Acculés, les légumiers bretons estiment être les victimes d'une crise conjoncturelle, certes, mais subissent aussi de plein fouet la politique de la grande distribution, qui fait pression pour faire baisser les prix. Un cocktail explosif qui apporte un éclairage aux débordements de ce week-end.
L'exaspération des légumiers bretons, qui ont incendié vendredi le centre des impôts et la Mutualité sociale agricole de Morlaix (Finistère), est plus que partagée dans le monde agricole, où le risque de voir éclater d'autres colères est important. En effet, la chute des cours, liée à des productions abondantes et à l'embargo russe sur les fruits et les légumes, ainsi que la surabondance des céréales sur le marché mondial se conjuguent à la révision des aides européennes.
Un cocktail détonnant
La région souffre d'une surproduction d'artichauts, qui "entraîne une nette baisse des cours", de l'ordre de 20% à 40%, observe l'Inter-profession des fruits
et légumes frais (Interfel). Mais "ce n'est pas un problème spécifiquement breton, l'ensemble de la production de fruits et légumes est en difficulté", relève Guy Vasseur, président de l'assemblée permanente des Chambres d'agriculture.
L'embargo russe, qui prive les producteurs de débouchés en une année particulièrement faste en termes de rendements, cause beaucoup de tort aux producteurs européens
et les 125 millions d'euros débloqués en urgence par la Commission européenne à la mi-août sont notoirement insuffisants. "Il faudra d'autres décisions, sinon les gars ne pourront pas tenir", prédit M. Vasseur.

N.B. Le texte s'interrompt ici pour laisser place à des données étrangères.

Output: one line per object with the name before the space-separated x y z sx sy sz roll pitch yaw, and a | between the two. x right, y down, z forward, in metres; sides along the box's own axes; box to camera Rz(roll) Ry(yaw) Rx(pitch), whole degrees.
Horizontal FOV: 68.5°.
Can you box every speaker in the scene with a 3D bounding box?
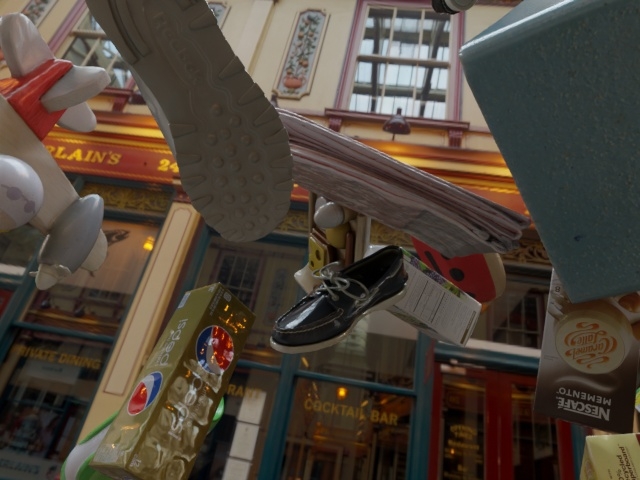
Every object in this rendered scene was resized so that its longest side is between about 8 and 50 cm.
speaker | -0.314 0.347 0.828 0.296 0.131 0.131 -38 -48 12

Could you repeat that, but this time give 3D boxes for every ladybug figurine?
ladybug figurine | 0.446 0.041 1.587 0.450 0.161 0.305 56 -17 -3

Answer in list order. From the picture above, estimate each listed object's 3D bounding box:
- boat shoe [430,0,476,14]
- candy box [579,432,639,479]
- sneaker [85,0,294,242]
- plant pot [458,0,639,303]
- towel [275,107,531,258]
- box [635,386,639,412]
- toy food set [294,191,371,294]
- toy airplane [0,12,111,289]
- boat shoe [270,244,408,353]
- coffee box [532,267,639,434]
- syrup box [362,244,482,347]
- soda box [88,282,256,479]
boat shoe | 0.328 -0.634 1.002 0.114 0.303 0.091 29 4 -27
candy box | 0.392 0.386 0.584 0.087 0.183 0.317 -11 -43 18
sneaker | -0.092 -0.107 0.369 0.090 0.095 0.235 -27 -61 -12
plant pot | 0.312 -0.127 0.374 0.252 0.247 0.248 -15 -68 46
towel | 0.071 -0.060 0.625 0.316 0.054 0.332 25 0 5
box | 0.620 0.293 0.803 0.043 0.179 0.105 31 -75 -9
toy food set | 0.000 0.000 0.970 0.092 0.219 0.306 -14 -57 -26
toy airplane | -0.417 -0.107 0.595 0.272 0.385 0.386 29 18 31
boat shoe | 0.034 0.074 0.651 0.095 0.254 0.079 22 -57 46
coffee box | 0.448 0.181 0.783 0.141 0.247 0.098 6 -17 29
syrup box | 0.182 0.105 0.879 0.236 0.096 0.093 32 -12 -26
soda box | -0.127 0.131 0.436 0.058 0.181 0.061 -16 -52 36
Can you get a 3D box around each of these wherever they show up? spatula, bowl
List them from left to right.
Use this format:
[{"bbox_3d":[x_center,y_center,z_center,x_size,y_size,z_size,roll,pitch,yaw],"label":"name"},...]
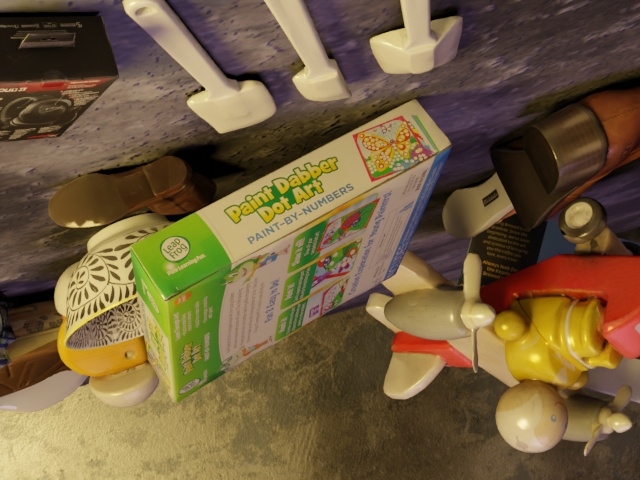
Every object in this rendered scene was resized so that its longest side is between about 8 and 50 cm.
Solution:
[{"bbox_3d":[-0.156,0.027,0.879,0.170,0.080,0.170,-22,168,-5],"label":"bowl"},{"bbox_3d":[-0.003,-0.109,0.540,0.168,0.019,0.242,-12,172,6],"label":"spatula"}]

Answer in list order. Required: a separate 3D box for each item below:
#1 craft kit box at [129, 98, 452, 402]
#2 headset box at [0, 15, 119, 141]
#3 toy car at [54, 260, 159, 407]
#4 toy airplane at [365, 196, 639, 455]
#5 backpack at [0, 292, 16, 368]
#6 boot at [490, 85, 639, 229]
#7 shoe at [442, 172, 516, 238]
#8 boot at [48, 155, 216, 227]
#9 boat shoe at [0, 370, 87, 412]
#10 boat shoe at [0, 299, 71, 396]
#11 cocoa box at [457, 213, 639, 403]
[{"bbox_3d":[-0.029,0.018,0.815,0.246,0.061,0.250,-32,162,-20],"label":"craft kit box"},{"bbox_3d":[-0.134,-0.072,0.447,0.062,0.032,0.083,-12,170,-37],"label":"headset box"},{"bbox_3d":[-0.181,0.071,1.031,0.181,0.159,0.136,-16,-153,-5],"label":"toy car"},{"bbox_3d":[0.234,0.143,1.265,0.385,0.273,0.384,5,143,-4],"label":"toy airplane"},{"bbox_3d":[-0.357,0.098,0.971,0.105,0.084,0.114,-19,170,-2],"label":"backpack"},{"bbox_3d":[0.322,-0.120,1.001,0.280,0.096,0.264,-23,165,-6],"label":"boot"},{"bbox_3d":[0.229,-0.051,1.238,0.081,0.064,0.178,-7,164,-29],"label":"shoe"},{"bbox_3d":[-0.135,-0.030,0.741,0.106,0.037,0.114,-15,177,2],"label":"boot"},{"bbox_3d":[-0.425,0.159,1.213,0.102,0.108,0.301,22,-157,40],"label":"boat shoe"},{"bbox_3d":[-0.293,0.096,1.136,0.285,0.089,0.105,-15,150,-47],"label":"boat shoe"},{"bbox_3d":[0.384,0.102,1.539,0.347,0.228,0.231,15,177,10],"label":"cocoa box"}]
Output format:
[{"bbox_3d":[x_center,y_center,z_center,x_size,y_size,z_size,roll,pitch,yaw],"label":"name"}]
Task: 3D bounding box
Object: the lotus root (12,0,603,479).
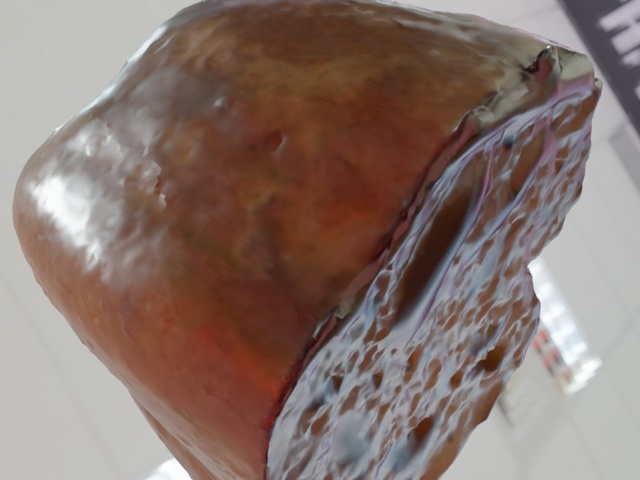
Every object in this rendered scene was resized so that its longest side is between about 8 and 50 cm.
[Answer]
[{"bbox_3d":[0.000,0.000,0.954,0.250,0.316,0.316,32,-174,32],"label":"lotus root"}]
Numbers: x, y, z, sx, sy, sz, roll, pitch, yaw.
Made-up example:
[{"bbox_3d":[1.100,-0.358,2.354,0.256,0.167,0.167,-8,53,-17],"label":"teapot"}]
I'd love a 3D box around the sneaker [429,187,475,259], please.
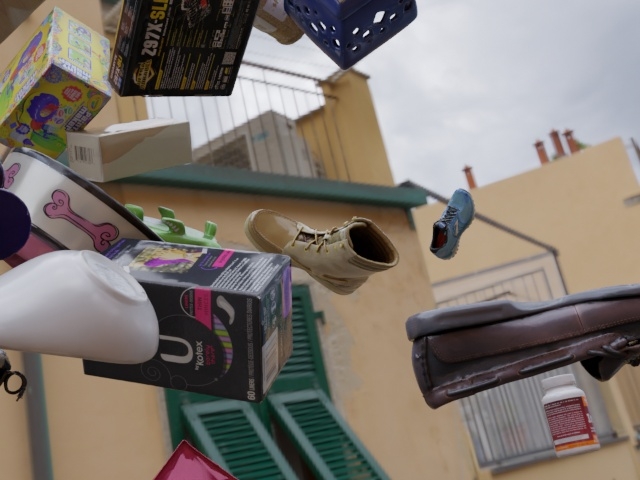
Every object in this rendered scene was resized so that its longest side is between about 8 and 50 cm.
[{"bbox_3d":[0.283,-0.036,1.658,0.063,0.162,0.073,22,7,40],"label":"sneaker"}]

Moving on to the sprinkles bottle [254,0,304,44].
[{"bbox_3d":[-0.175,-0.597,1.870,0.121,0.121,0.355,-24,-23,30],"label":"sprinkles bottle"}]

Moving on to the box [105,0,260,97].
[{"bbox_3d":[-0.250,-0.429,1.459,0.257,0.079,0.322,-8,-46,-39],"label":"box"}]

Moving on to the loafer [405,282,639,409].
[{"bbox_3d":[0.236,0.101,0.729,0.303,0.095,0.109,-7,-15,7],"label":"loafer"}]

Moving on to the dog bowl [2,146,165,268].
[{"bbox_3d":[-0.411,0.030,1.317,0.150,0.408,0.408,-54,-7,-20],"label":"dog bowl"}]

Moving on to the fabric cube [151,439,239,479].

Privés jusqu'à cette année des aides directes de la politique agricole commune (PAC), les producteurs de fruits et légumes sont à la merci des importations espagnoles ou d'Europe de l'Est, où la main d'oeuvre est bien moins chère. Mais aussi du "comportement de la grande distribution qui appuie encore plus pour écraser les marges", dénonce le président des Chambres.
Survolez la photo pour comparer les prix auxquels vendent les producteurs avec ceux pratiqués par la grande distribution :
Gwenaël Simon, légumier dans le Finistère nord, en est un bon exemple : ses échalotes lui ont été payées 8 centimes d'euros le kilo la semaine dernière, alors qu'elles lui reviennent à 40 ou 50 centimes et surtout qu'il les voit en vente en supermarché à des prix au minimum dix fois plus élevés. Il vend encore 20 centimes la tête d'artichaut et 30 centimes le choux-fleur. Les distributeurs, l'Etat et ses taxes, la mutualité sociale agricole, les concurrences hollandaises et allemandes, voilà pêle-mèle les causes de sa détresse.
Reportage au pays de Saint-Malo, troisième zone légumière de Bretagne :
Le ministre de l'Agriculture, Stéphane Le Foll, recevra mercredi matin les représentants des agriculteurs du Léon (Finistère). Une autre réunion prévue dans le cadre du suivi de l'embargo aura lieu vendredi avec les syndicats de producteurs de fruits et légumes. "Nous sommes dans une crise conjoncturelle à cause des aléas climatiques et de l'embargo russe, nous avons déjà engagé un dialogue depuis plusieurs semaines", a rappelé M. Le Foll.
Parmi les leviers d'action possible côté ministériel, on évoque toujours la possibilité d'un allégement et d'un étalement des charges. Mais l'hypothèse évoquée d'une suppression des exonérations de cotisations pour l'emploi de saisonniers a douché les espoirs la semaine dernière.